— Сколько уже можно? Что мы с тобой ни придумаем, все время попадаем в историю. То в бандеровцы нас запишут, то в крымнашисты. Теперь вот еще заметку не написали, а уже чувства верующих оскорбили. Хватит! Давай сочинять ответную заяву.
— Видишь ли, Ксюш, за свою жизнь я написал множество писем разнообразным адресатам. Девушкам, юношам, старым князьям и зэкам-рецидивистам, народным артистам, прокурорам, попам, президенту, конечно. Но только Бог, как мне кажется, дочитывал все эти письма до конца. Только Он никогда не оскорблялся, не мстил, умилялся моим глупостям, любил меня.
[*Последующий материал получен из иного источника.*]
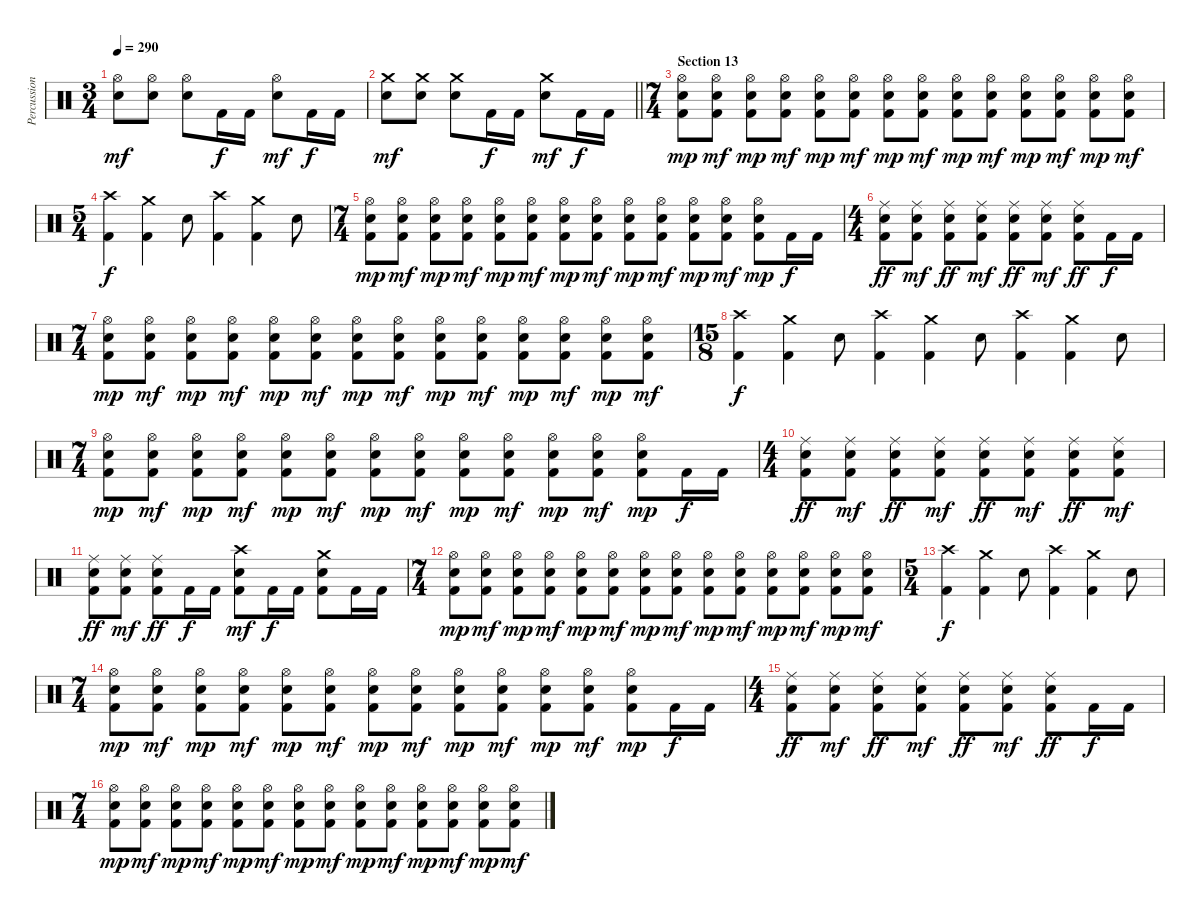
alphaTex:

Только Он испытывал ко мне чувство, которое невозможно оскорбить. Да и вообще, в силах ли кто-то обидеть любовь? Писал же им апостол: любовь все покрывает, все переносит. Оскорбить можно лишь гордыню.
Собчак зевнула:
— Красовский, как же ты достал уже со своими проповедями. Тебе в попы надо было идти, жаль только, что пидорас.
— Господа и это не смутит, — Красовский печально вздохнул. — А вот господа вскоре за это могут и двушечку влепить.
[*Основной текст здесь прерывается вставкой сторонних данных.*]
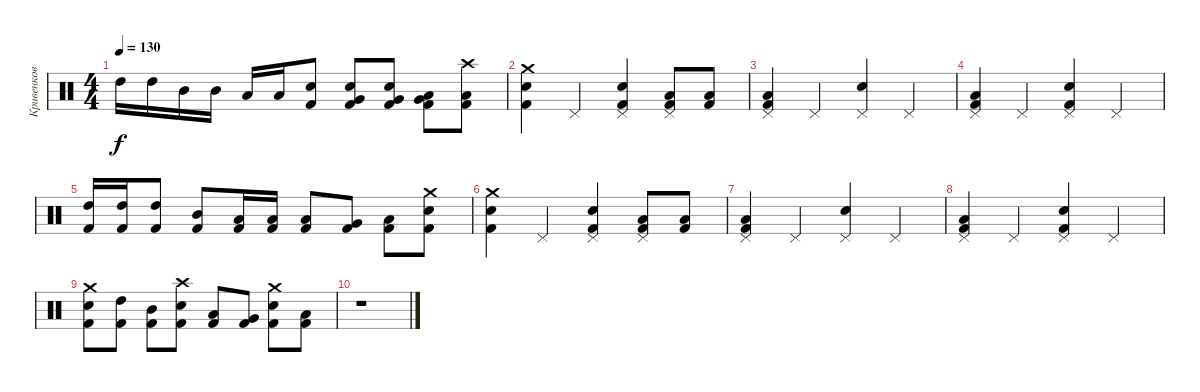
\track ("Кривенков Дмитрий" "Кривенков ") {instrument percussion}
\staff {score}
\articulation defaults
\ts (4 4)
\tempo 130
\clef neutral
\ks c "High Tom (hit)".16{dy f} "High Tom (hit)".16 "Mid Tom (hit)".16 "Mid Tom (hit)".16 "Low Tom (hit)".16 "Low Tom (hit)".16
("Electric Snare (hit)" "Kick (hit) 2").8 ("Electric Snare (hit)" "Very Low Tom (hit)" "Kick (hit) 2").8 ("Electric Snare (hit)" "Very Low Tom (hit)" "Kick (hit) 2").8 ("Kick (hit) 2" "Low Floor Tom (hit)" "Very Low Tom (hit)").8 ("Crash high (hit)" "Kick (hit) 2" "Low Floor Tom (hit)").8 |
("Kick (hit) 2" "Electric Snare (hit)" "Crash medium (hit)").4 "Pedal Hi-Hat (hit)".4 ("Pedal Hi-Hat (hit)" "Kick (hit) 2" "Electric Snare (hit)").4 ("Kick (hit) 2" "Pedal Hi-Hat (hit)" "Low Floor Tom (hit)").8 ("Low Floor Tom (hit)" "Kick (hit) 2").8 |
("Kick (hit) 2" "Pedal Hi-Hat (hit)" "Low Floor Tom (hit)").4 "Pedal Hi-Hat (hit)".4 ("Pedal Hi-Hat (hit)" "Electric Snare (hit)").4 "Pedal Hi-Hat (hit)".4 |
("Kick (hit) 2" "Pedal Hi-Hat (hit)" "Low Floor Tom (hit)").4 "Pedal Hi-Hat (hit)".4 ("Kick (hit) 2" "Pedal Hi-Hat (hit)" "Electric Snare (hit)").4 "Pedal Hi-Hat (hit)".4 |
("High Tom (hit)" "Kick (hit) 2").16{volume 11} ("High Tom (hit)" "Kick (hit) 2").16{volume 11} ("High Tom (hit)" "Kick (hit) 2").8{volume 10} ("Mid Tom (hit)" "Kick (hit) 2").8{volume 10} ("Low Tom (hit)" "Kick (hit) 2").16{volume 10} ("Low Tom (hit)" "Kick (hit) 2").16{volume 10} ("Low Tom (hit)" "Kick (hit) 2").8{volume 10} ("Very Low Tom (hit)" "Kick (hit) 2").8{volume 9} ("Low Floor Tom (hit)" "Kick (hit) 2").8{volume 9} ("Electric Snare (hit)" "Kick (hit) 2" "Crash medium (hit)").8{volume 8} |
("Kick (hit) 2" "Electric Snare (hit)" "Crash medium (hit)").4{volume 8} "Pedal Hi-Hat (hit)".4{volume 8} ("Pedal Hi-Hat (hit)" "Kick (hit) 2" "Electric Snare (hit)").4{volume 7} ("Kick (hit) 2" "Pedal Hi-Hat (hit)" "Low Floor Tom (hit)").8{volume 6} ("Low Floor Tom (hit)" "Kick (hit) 2").8{volume 6} |
("Kick (hit) 2" "Pedal Hi-Hat (hit)" "Low Floor Tom (hit)").4{volume 5} "Pedal Hi-Hat (hit)".4{volume 5} ("Pedal Hi-Hat (hit)" "Electric Snare (hit)").4{volume 4} "Pedal Hi-Hat (hit)".4{volume 3} |
("Kick (hit) 2" "Pedal Hi-Hat (hit)" "Low Floor Tom (hit)").4{volume 3} "Pedal Hi-Hat (hit)".4{volume 2} ("Kick (hit) 2" "Pedal Hi-Hat (hit)" "Electric Snare (hit)").4{volume 1} "Pedal Hi-Hat (hit)".4{volume 1} |
("Crash medium (hit)" "Electric Snare (hit)" "Kick (hit) 2").8{volume 0} ("Kick (hit) 2" "High Tom (hit)").8 ("Mid Tom (hit)" "Kick (hit) 2").8 ("Crash high (hit)" "Electric Snare (hit)" "Kick (hit) 2").8 ("Kick (hit) 2" "Low Tom (hit)").8 ("Kick (hit) 2" "Very Low Tom (hit)").8 ("Crash medium (hit)" "Electric Snare (hit)" "Kick (hit) 2").8 ("Kick (hit) 2" "Low Floor Tom (hit)").8 |
r.1

— Собчак, ты же баба неверующая, давай мы тебе веру подберем?
— Это зачем еще? Мне и так неплохо. Я вообще считаю, что добро и вера — вещи не связанные.
— Ну нам же надо про что-то писать. Вот тут собираются поставить стометровый памятник князю Владимиру. Тому самому, что идолов в Днепре утопил. Теперь вот его идол над Москвой-рекой утвердится. Давай мы с тобой, как и он, повстречаемся с разными попами, а ты потом решишь, кто тебе милей.
— Ну а что, — задумалась Собчак, — может, и мне тогда через тысячу лет памятник поставят.
— Да-да, поставят, — хихикнул Красовский, — над Колымой.
Поклонная гора. В парке, за уродливой стелой пристроился комплекс ритуальных сооружений. Православный храм, синагога, мечеть. В мечеть-то в поисках добра и красоты и направились наши герои.
— Тут разуваться надо? — испуганно прошептала Собчак, увидев ящик с обувью у входа.
— Да, конечно. Но не переживайте, у нас тут чисто, уборщица моет три раза в день.
И действительно, мечеть была больше похожа на дом нестарого мужчины с возможностями и даже определенным вкусом, скорее сформированным глянцевыми журналами, чем ниспосланным Аллахом.
Вот мраморная лестница, светлый кабинет, на полке — у стола — полная коллекция мужских ароматов Tom Ford. В министерском кресле по-турецки сидит совсем молодой человек. На столе вибрирует золотой айфон, на полу валяется — целое состояние — шелковый персидский ковер.
Имам Шамиль Аляутдинов: Так, не особо. Иранский посол, кажется, подарил.